Comparison of the Group’s expectations with actual figures
In the 2024 Annual Report, we outlined expectations for the 2025 financial year for our financial and non-financial key performance indicators anchored in our management system. The following tables summarize the pro forma figures for 2024, the results expected for the reporting year, and the actual results achieved in 2025. The performance indicators that we also forecast in the 2024 Annual Report and their development are presented in the individual sections.
The comparison shown in the table of the pro forma figures for 2024 as presented in the 2024 Annual Report and the expectations formulated on this basis for 2025 with the results actually generated for 2025 is not like for like, i.e., these figures are not based on comparable exchange rates or a comparable composition of the Group. The results generated on a like-for-like basis are set out below (in organic terms). The main differences from the results actually generated are attributable to the assumption of an average U.S. dollar exchange rate of USD 1.08 in our planning for 2025. By contrast, the results for 2025 shown in the table above are subject to an average U.S. dollar exchange rate of USD 1.13, which had a corresponding negative impact on the financial performance indicators. The guidance for 2025 as adjusted in the course of the year already takes into account the value contributions from the completed corporate transactions in the United States operating segment.
We look back on a successful financial year. Overall, we met our expectations. In organic terms, revenue increased as expected by 4.2 %. Our service revenue also grew as expected by 3.8 % on an organic basis. Our adjusted EBITDA AL increased by 4.7 % in organic terms. Taking into account the above assumptions, this exceeded our most recently stated guidance. EBIT was likewise negatively affected by exchange rate effects, and declined in 2025 on account of the reversal of impairment losses on FCC licenses at T‑Mobile US in 2024. Adjusted earnings per share amounted to EUR 2.00, thereby meeting our expectations. ROCE also developed as expected, declining to 7.5 %. For free cash flow AL (before dividend payments and spectrum investment), we exceeded the guidance revised upwards in the course of the year, excluding exchange rate effects. Cash capex (before spectrum investment), excluding exchange rate effects, was more or less as expected.

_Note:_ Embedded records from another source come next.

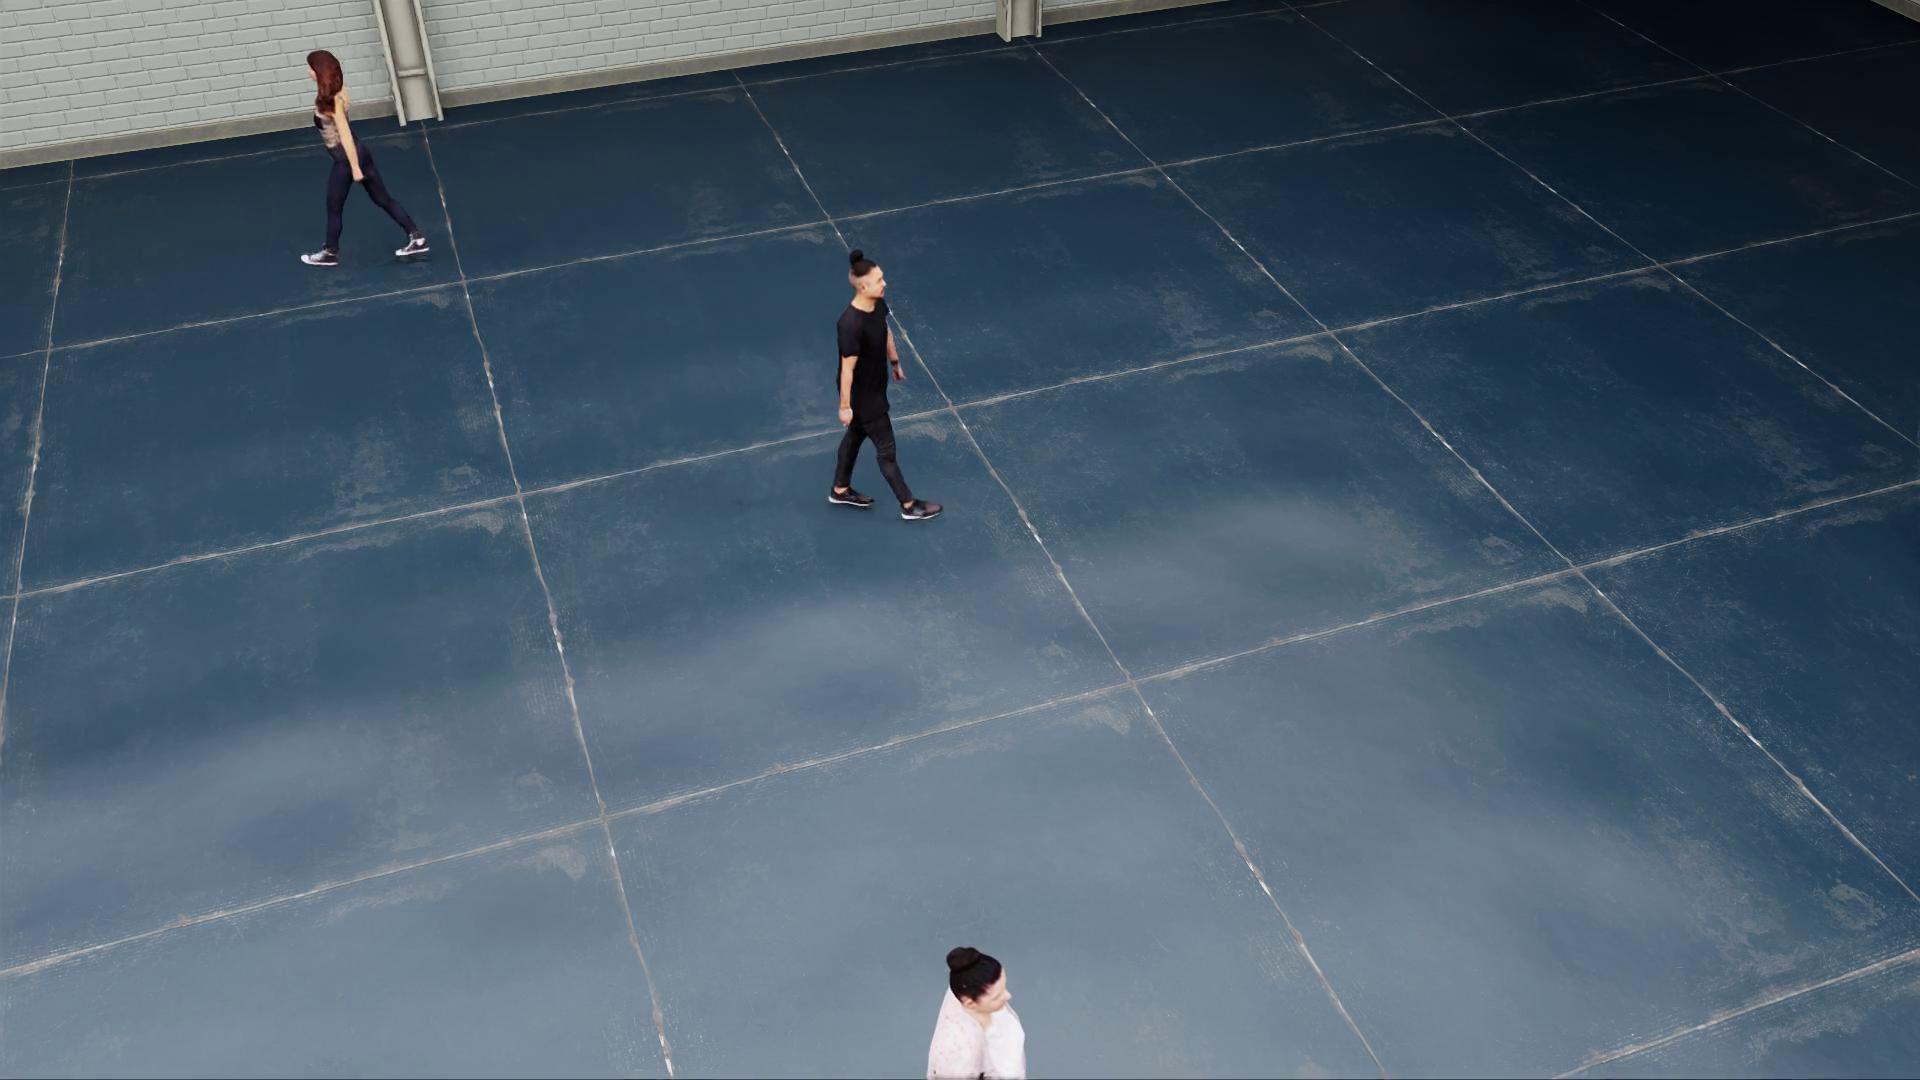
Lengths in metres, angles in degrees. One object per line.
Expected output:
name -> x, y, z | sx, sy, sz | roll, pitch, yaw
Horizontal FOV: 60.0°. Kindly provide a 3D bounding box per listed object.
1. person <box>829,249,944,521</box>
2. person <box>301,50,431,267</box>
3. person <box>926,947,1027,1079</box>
person -> -0.664, -0.944, 10.177 | 1.160, 1.837, 1.035 | 8, 39, 10
person -> -4.575, -2.896, 12.771 | 1.230, 1.715, 0.734 | -8, 39, -10
person -> 0.036, 2.132, 6.322 | 0.819, 1.742, 0.801 | 8, 39, 10

The comparison shown in the table above of the pro forma figures for 2024 as presented in the 2024 Annual Report and the expectations formulated on this basis for 2025 for the non-financial performance indicators with the results actually generated for 2025 is not like for like, i.e., assuming a comparable composition of the Group. The results generated on a like-for-like basis are set out below.

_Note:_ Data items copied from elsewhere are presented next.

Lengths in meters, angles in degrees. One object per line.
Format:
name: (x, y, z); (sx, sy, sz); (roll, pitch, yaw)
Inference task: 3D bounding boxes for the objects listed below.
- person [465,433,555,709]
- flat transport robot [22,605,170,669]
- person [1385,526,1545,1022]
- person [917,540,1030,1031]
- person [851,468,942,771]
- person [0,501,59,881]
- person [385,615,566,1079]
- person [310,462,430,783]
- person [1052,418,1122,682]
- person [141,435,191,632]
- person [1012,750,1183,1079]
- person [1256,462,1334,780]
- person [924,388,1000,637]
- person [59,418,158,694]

Assuming a comparable composition of the Group, we are on track with our non-financial performance indicators. In the Germany operating segment, we even recorded a strong increase of 8.7 % in mobile customers, attributable to both the prepaid customer business including M2M-based cards, and the high-value contract customer business. By contrast, the development of fixed-network lines fell short of our expectation due to falling demand for voice products. In a nearly stagnant and highly competitive broadband market, the number of broadband lines remained more or less on a par with the prior year level at 15.1 million, which was below our expectation. In the United States operating segment, the growth in postpaid and prepaid customer numbers significantly exceeded our expectations, even without taking into account the growth from the completed corporate transactions. Excluding the effects from the sale of the Romanian mobile business as of October 1, 2025, customer numbers in the Europe operating segment developed as expected: The number of mobile customers increased slightly by 2.1 %. The number of fixed-network customers declined slightly, while the number of broadband customers increased in line with expectations. The increase in order entry in our Systems Solutions operating segment was mainly due to deals concluded in the public sector portfolio area.

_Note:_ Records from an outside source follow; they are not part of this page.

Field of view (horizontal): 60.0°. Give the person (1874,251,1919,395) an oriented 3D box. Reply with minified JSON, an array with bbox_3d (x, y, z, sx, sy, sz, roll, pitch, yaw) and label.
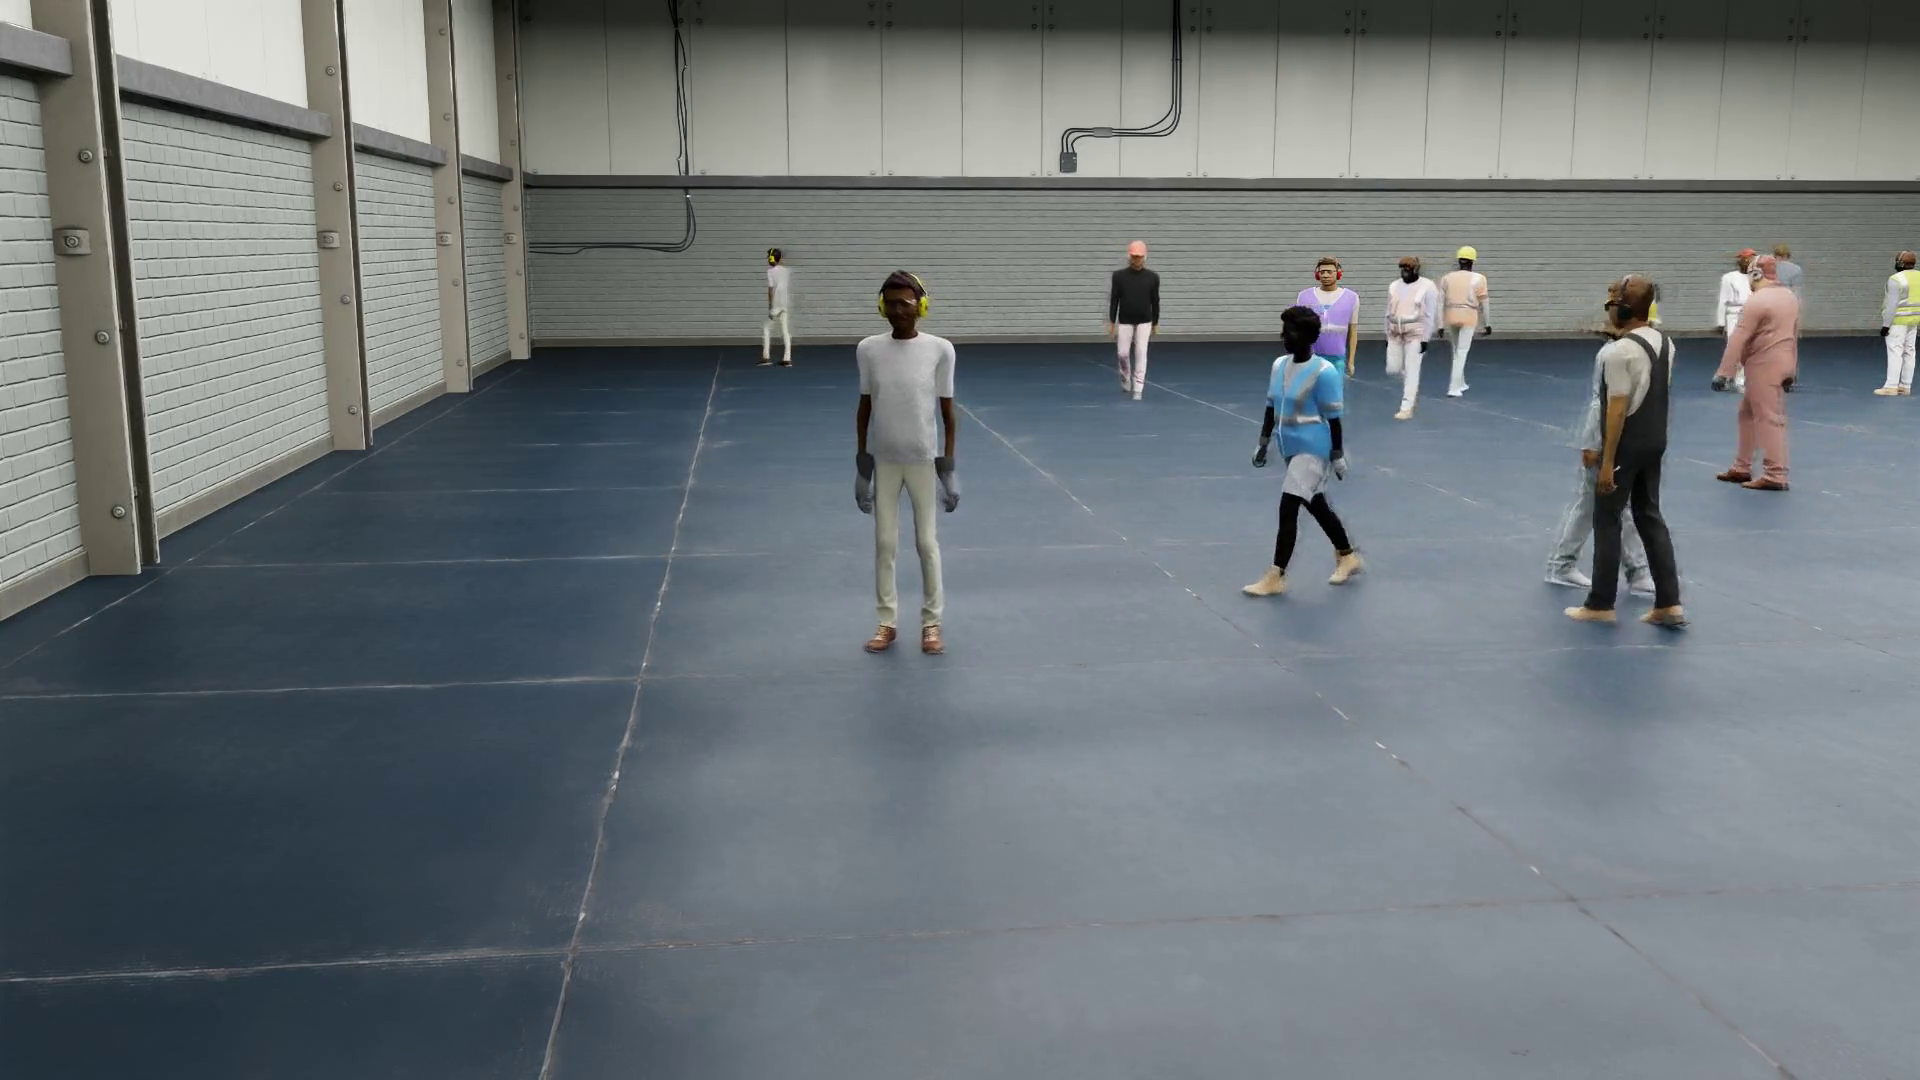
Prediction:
[{"bbox_3d":[12.048,-2.773,21.320,0.620,1.845,0.430,-4,11,-23],"label":"person"}]

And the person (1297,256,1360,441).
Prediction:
[{"bbox_3d":[3.342,-1.661,15.210,0.565,1.846,0.390,3,11,16],"label":"person"}]

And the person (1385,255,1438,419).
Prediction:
[{"bbox_3d":[5.047,-2.270,18.634,0.628,1.826,0.554,10,14,43],"label":"person"}]

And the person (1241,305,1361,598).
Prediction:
[{"bbox_3d":[2.007,-0.519,9.496,0.870,1.649,0.506,-4,11,-21],"label":"person"}]

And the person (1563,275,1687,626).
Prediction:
[{"bbox_3d":[3.511,-0.430,8.595,0.529,1.839,0.699,-7,12,-32],"label":"person"}]

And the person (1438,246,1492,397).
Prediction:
[{"bbox_3d":[6.453,-2.777,21.200,0.594,1.889,0.886,9,14,41],"label":"person"}]

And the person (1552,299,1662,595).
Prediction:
[{"bbox_3d":[3.794,-0.540,9.432,0.823,1.697,0.501,7,12,33],"label":"person"}]

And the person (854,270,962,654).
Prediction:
[{"bbox_3d":[-0.257,-0.373,8.099,0.541,1.869,0.328,2,11,11],"label":"person"}]

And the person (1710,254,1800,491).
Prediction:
[{"bbox_3d":[6.409,-1.354,13.440,0.677,1.869,0.753,-9,14,-40],"label":"person"}]

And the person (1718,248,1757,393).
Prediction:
[{"bbox_3d":[10.150,-2.826,21.534,0.582,1.874,0.409,0,10,1],"label":"person"}]

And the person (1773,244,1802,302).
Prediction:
[{"bbox_3d":[12.666,-3.615,25.775,0.651,1.906,0.843,8,13,36],"label":"person"}]

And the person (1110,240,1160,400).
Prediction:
[{"bbox_3d":[2.190,-2.753,20.823,0.629,1.981,0.648,1,10,5],"label":"person"}]

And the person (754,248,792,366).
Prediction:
[{"bbox_3d":[-2.947,-3.665,26.225,0.776,1.844,0.514,9,13,39],"label":"person"}]

At the end of the reporting year, customer retention/satisfaction (for Deutsche Telekom excluding T‑Mobile US) came in at 81.3 points compared with the adjusted baseline value of 80.1 points. The Germany, Europe, and Systems Solutions operating segments contributed to the ongoing positive development with improvements in customer loyalty. Employee satisfaction was most recently measured in November 2025 and remained stable against the prior-year level at 77 points on a scale of 0 to 100. This continued high level was as expected. The Group’s energy consumption remained stable instead of the expected slight increase, because in particular the United States was able to achieve greater savings than expected in the original planning. CO2 emissions reduced in line with our expectations.
For further information on the trends in our main financial and non-financial performance indicators, please refer to the relevant passages in this section as well as in the section “Development of business in the operating segments.”
For further information on the expected trends in our main financial and non-financial performance indicators in 2026 and 2027, please refer to the section “Forecast.”